INBOX: Janina Fritz - Can I Be in Your House

Event

M HKA, Antwerp

18 January 2025 - 23 February 2025

Le titre de cette exposition peut être lu comme une requête douce et légèrement absurde, mais en même temps comme une question existentielle sur le fait de vivre au sein de structures restrictives, limitatives. Janina Fritz examine la relation entre le corps et l’espace, et les processus transformateurs qu’ils subissent. Les sculptures qui émergent de ce champ de tension apparaissent souvent comme des fragments architecturaux qui jouent avec la présence ou l’absence de corps, explorant des thèmes tels que le désir, l’intimité et l’isolement.

Dans les nouvelles œuvres que Fritz a créées pour cette exposition, la salle de bains joue un rôle central. Elle représente en effet un lien direct avec la corporalité. Dans cet espace, le corps se déplace et fonctionne différemment que dans les autres pièces d’une habitation. Fritz explore les associations évoquées par des architectures d’intérieures carrelées: les carreaux sont intrinsèquement liés aux salles de bains et à d’autres espaces conçus à des fins hygiéniques, tels que des boucheries, des piscines, des salles d’opération dans des hôpitaux et des toilettes publiques. Tous ces espaces interagissent avec une certaine Fleischlichkeit – un terme allemand qu’on pourrait traduire en français par caractère charnel.

Cette exploration conduit à des thèmes de transformation et d’abjection. L’abjection telle que l’entend Julia Kristeva offre un point de vue intéressant pour l’interprétation de œuvres de l’exposition. L’abjection selon Kristeva, qu’elle illustre par des matières fécales, des cadavres ou des crimes extrêmes, suscite le malaise ou le dégoût, dans la mesure où elle se situe dans un état entre sujet et objet. Des rituels tentent de contenir l’abjection et de nous protéger du chaos qu’elle incarne. Kristeva écrit: "Ce n’est donc pas l’absence de propreté ou de santé qui rend abject, mais ce qui perturbe une identité, un système, un ordre. Ce qui ne respecte pas les limites, les places, les règles. L’entre-deux, l’ambigu, le mixte". Ou, pour en revenir au titre de l’exposition: ce qui franchit le seuil métaphorique non autorisé. Cette idée entre en résonance avec le langage visuel au caractère charnel des céramiques de Fritz. La glaçure rose qu’elle utilise évoque les tons d’organes et d’intestins. Les œuvres établissent également une analogie entre le corps humain et des éléments infrastructurels de maisons, tels que des tuyaux, des conduits ou autres canalisations. À l’instar d’organes qui remplissent des fonctions corporelles essentielles, les tuyauteries traitent des éléments et des restes du corps.
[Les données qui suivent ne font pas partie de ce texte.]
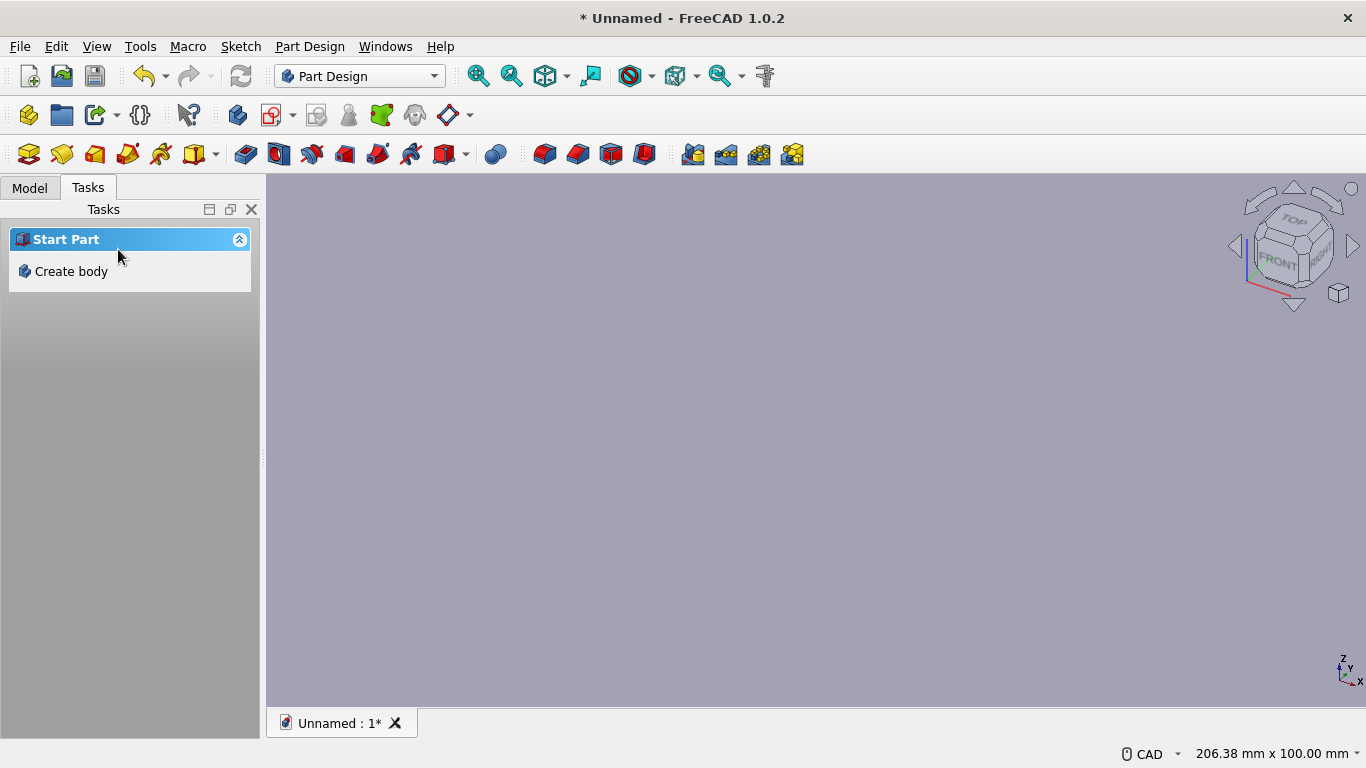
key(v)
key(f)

Une cheminée sert d’élément central dans la pièce, ressemblant vaguement à un foyer tout en étant en lien avec les formes des autres reliefs en céramique aux sculptures illuminées. Jaillissant du sol, les "lampes qui rêvent d’être un feu" portent en elles une certaine envie de transcender leur forme domestiquée, soulignée de manière humoristique par la présence d’ampoules LED imitant le feu.
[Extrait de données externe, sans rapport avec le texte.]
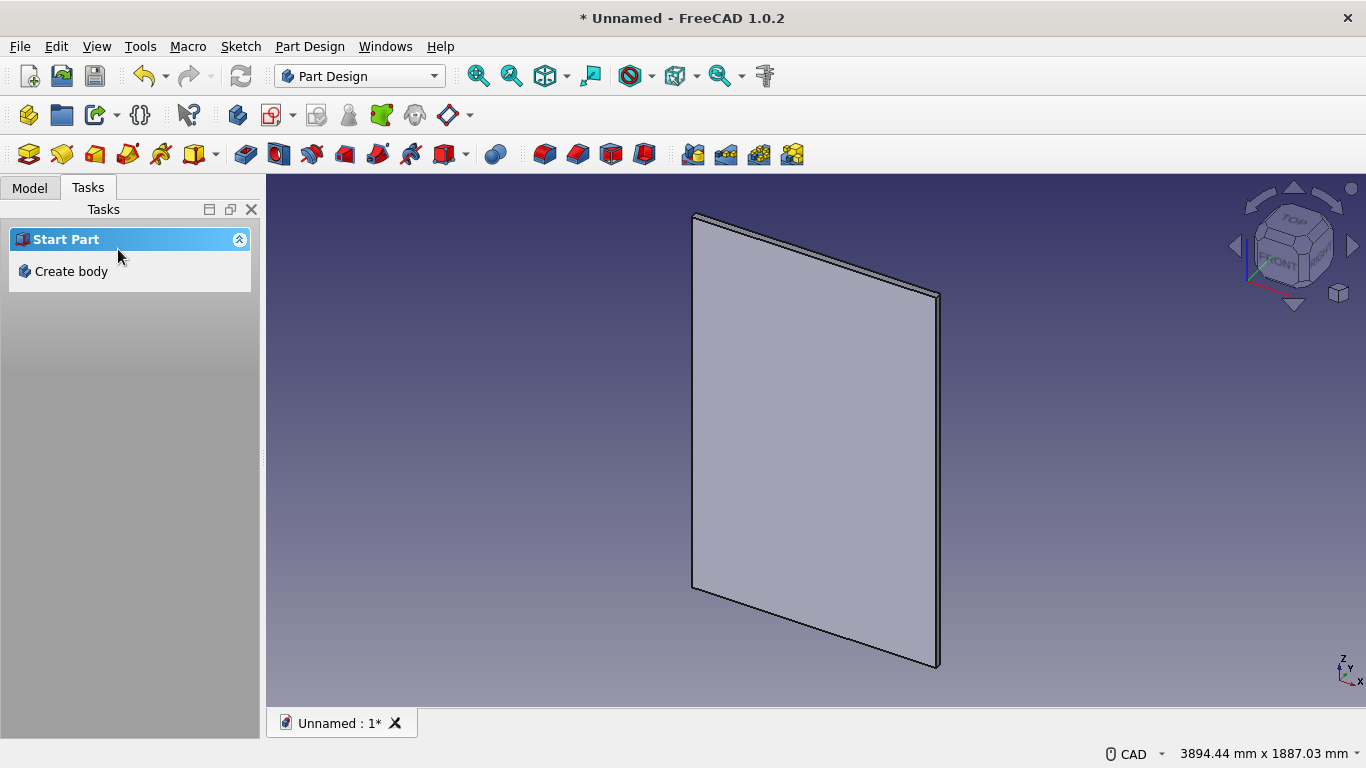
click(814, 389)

Toutefois, les matériaux utilisés pour leur création – le verre et la céramique – ajoutent un autre élément, étant donné que la fabrication de ces objets artisanaux requiert de la chaleur et du feu. Les œuvres jouent avec la notion de domestication et son contraire "la dédomestication" du feu. Elles font écho à l’idée d’éruptions d’éléments primordiaux dans le cadre familier de la maison moderne, diffusant une lumière délicate sur ce qui reste à découvrir.

À travers ses œuvres, Fritz analyse la tension entre le contrôlé et l’incontrôlé, le stérile et le corporel, révélant des strates de signification qui résonnent autant avec les expériences humaines personnelles que collectives.